Once the endpoint is `InService` status, we can evaluate the model using the `predict()` function.

Refere [here](https://huggingface.co/blog/sagemaker-huggingface-llm#4-run-inference-and-chat-with-our-model) for a full list of parameters supported by TGI.

In [None]:
input_data = {
 "inputs": "What is the weather forecast for Seattle today?",
 "parameters": {
 "do_sample": True,
 "max_new_tokens": 100,
 "temperature": 0.7,
 "watermark": True,
 },
}

prompt_length = len(input_data["inputs"])

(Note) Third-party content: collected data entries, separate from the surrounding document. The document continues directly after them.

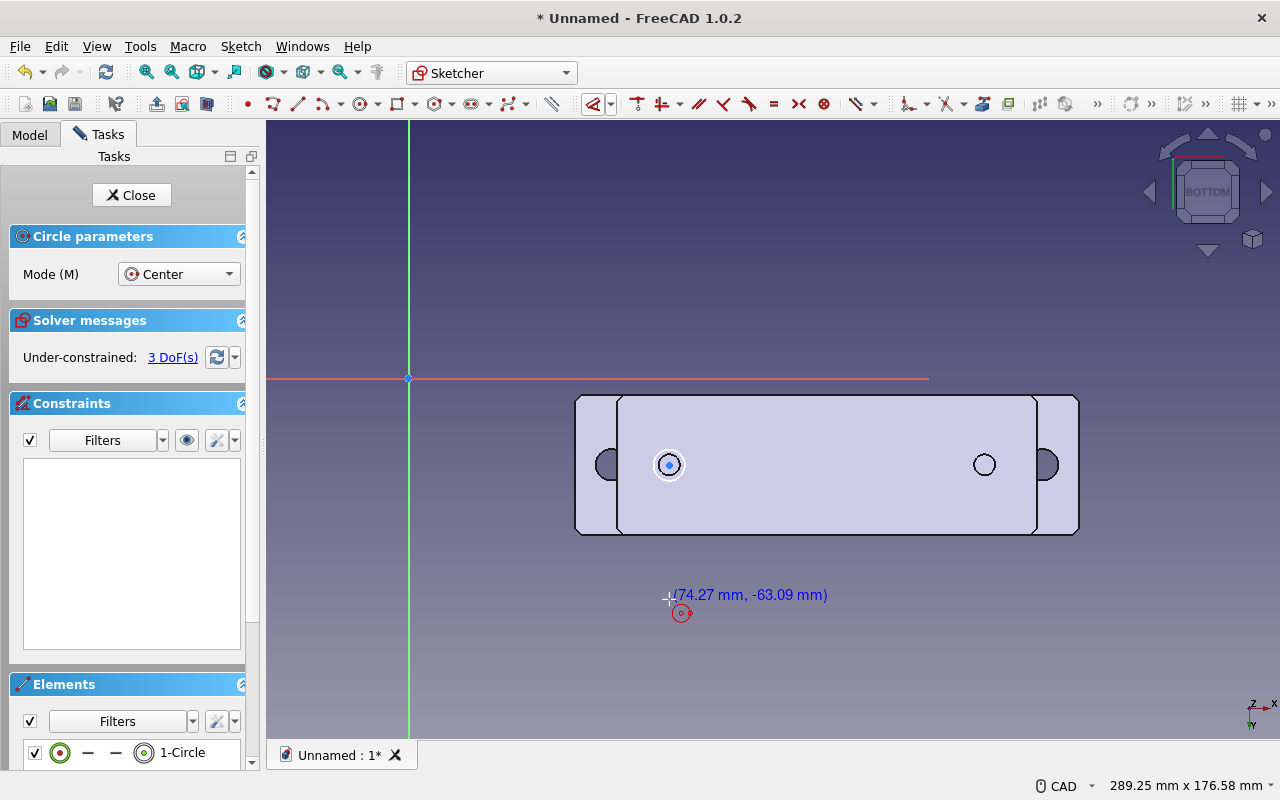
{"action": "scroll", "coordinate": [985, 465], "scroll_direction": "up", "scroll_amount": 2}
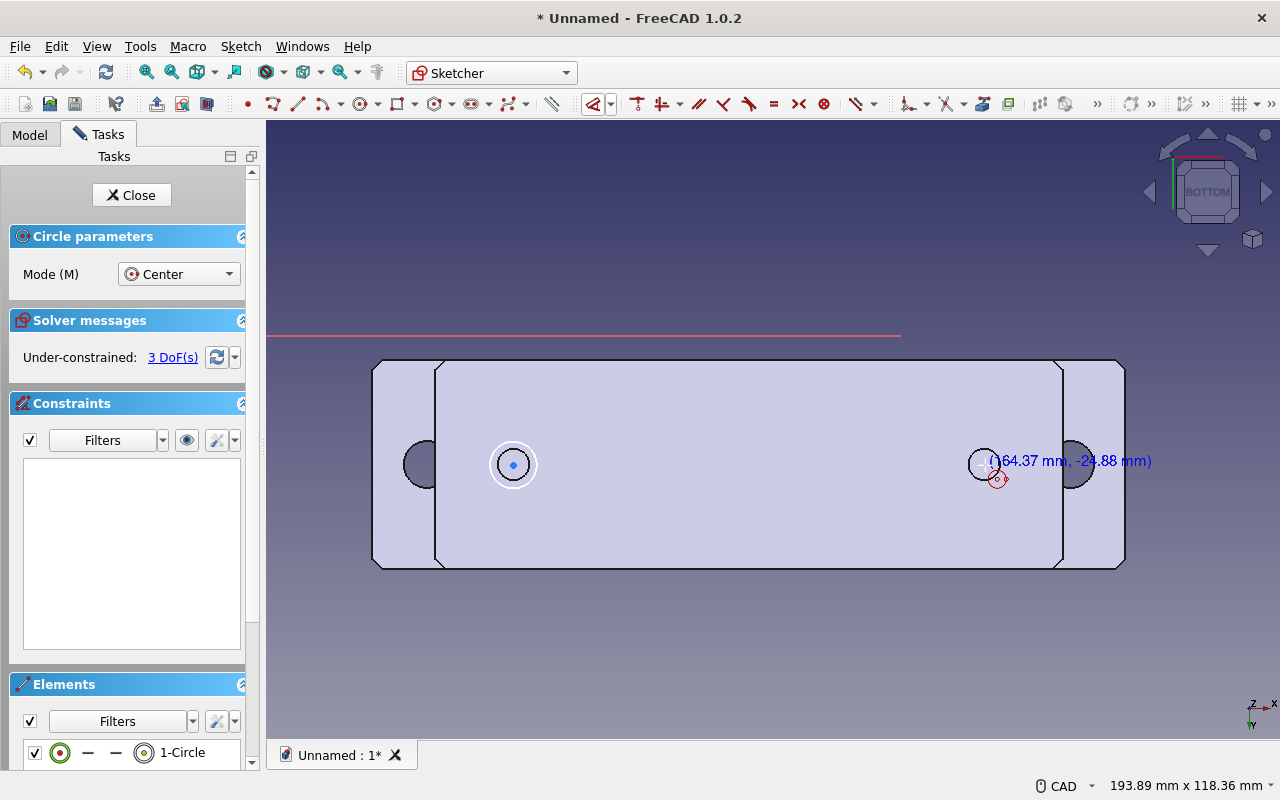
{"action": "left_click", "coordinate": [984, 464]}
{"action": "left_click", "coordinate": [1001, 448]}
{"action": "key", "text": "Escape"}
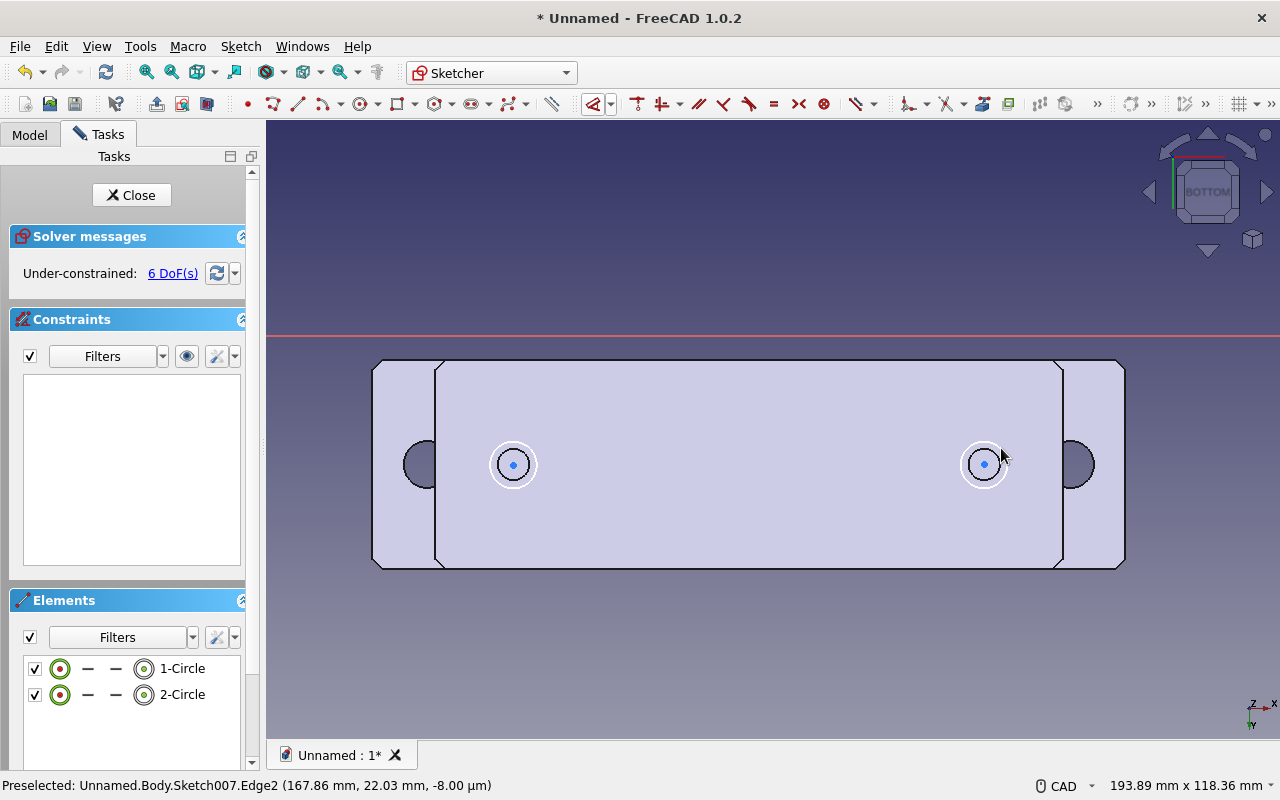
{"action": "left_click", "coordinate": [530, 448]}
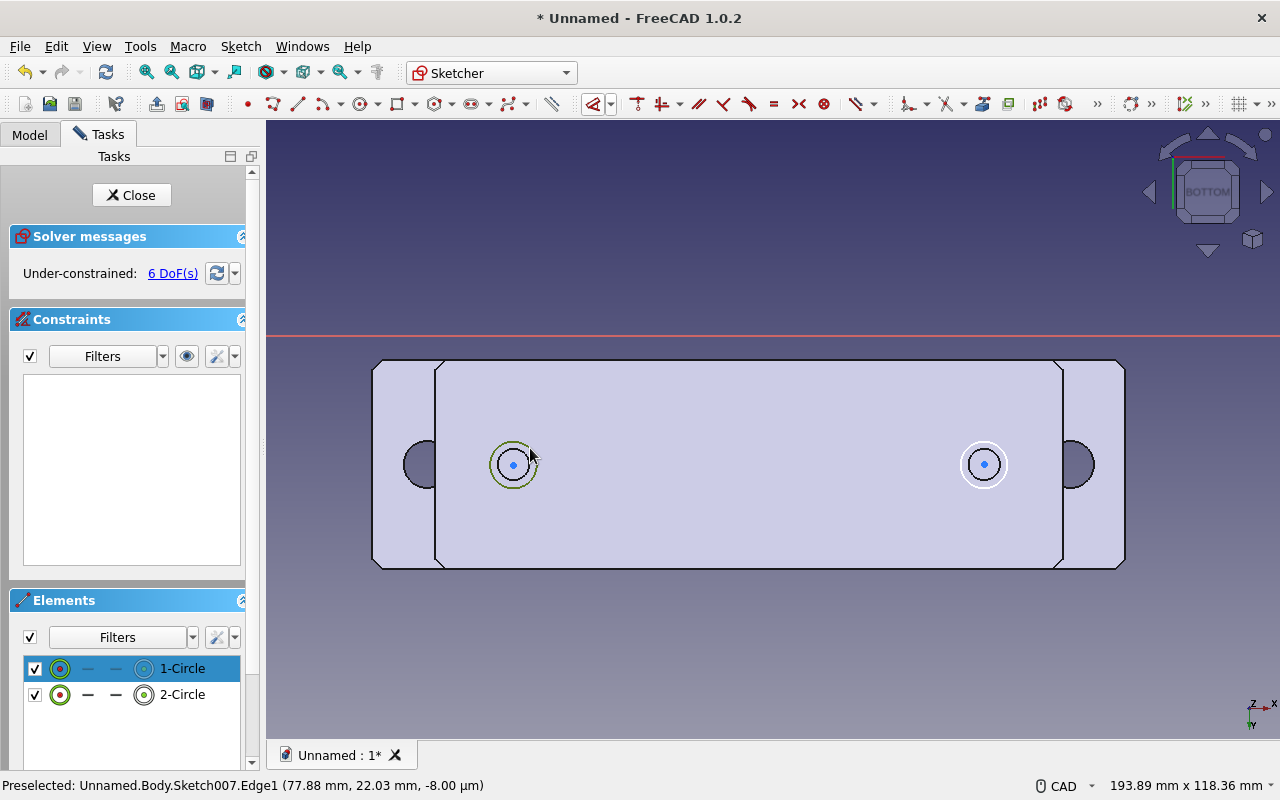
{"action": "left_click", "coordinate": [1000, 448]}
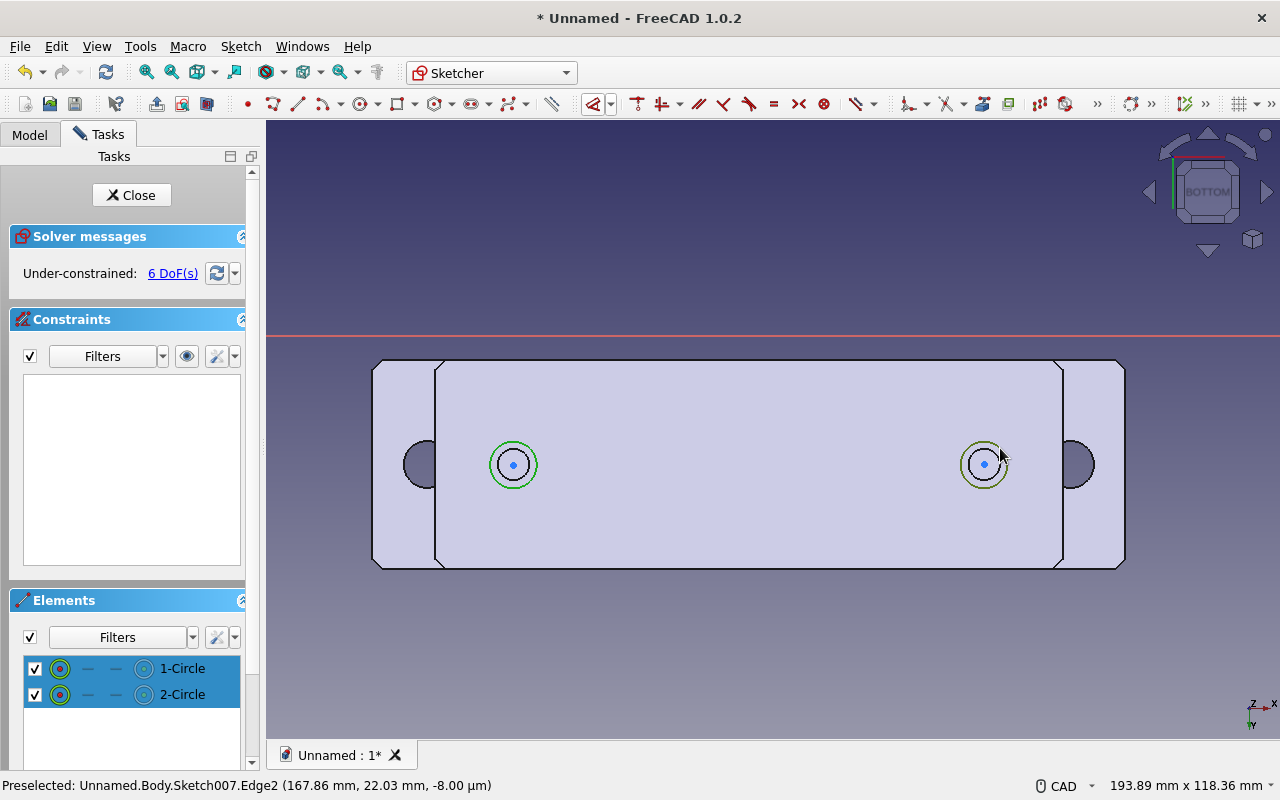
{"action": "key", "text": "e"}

response = predictor.predict(input_data)

output = response[0]["generated_text"][prompt_length:]

print(output)

## Cleanup

After you've finished testing the endpoint, it's important to delete the `model` and `endpoint` resources to avoid incurring charges.

In [None]:
try:
 print(f"Deleting model: {model_name}")
 predictor.delete_model()
except Exception as e:
 print(f"{e}")

try:
 print(f"Deleting endpoint: {endpoint_name}")
 predictor.delete_endpoint()
except Exception as e:
 print(f"{e}")

### Conclusion

In this tutorial, we used a HuggingFace TGI container to deploy **BLOOM-7B1** to an Amazon SageMaker real-time endpoint. 

With Hugging Face's Text Generation Inference and SageMaker Hosting, you can easily host large language models like Bloom-7b1, BLOOM-530M, GPT-NeoX, flan-t5-xxl and many more.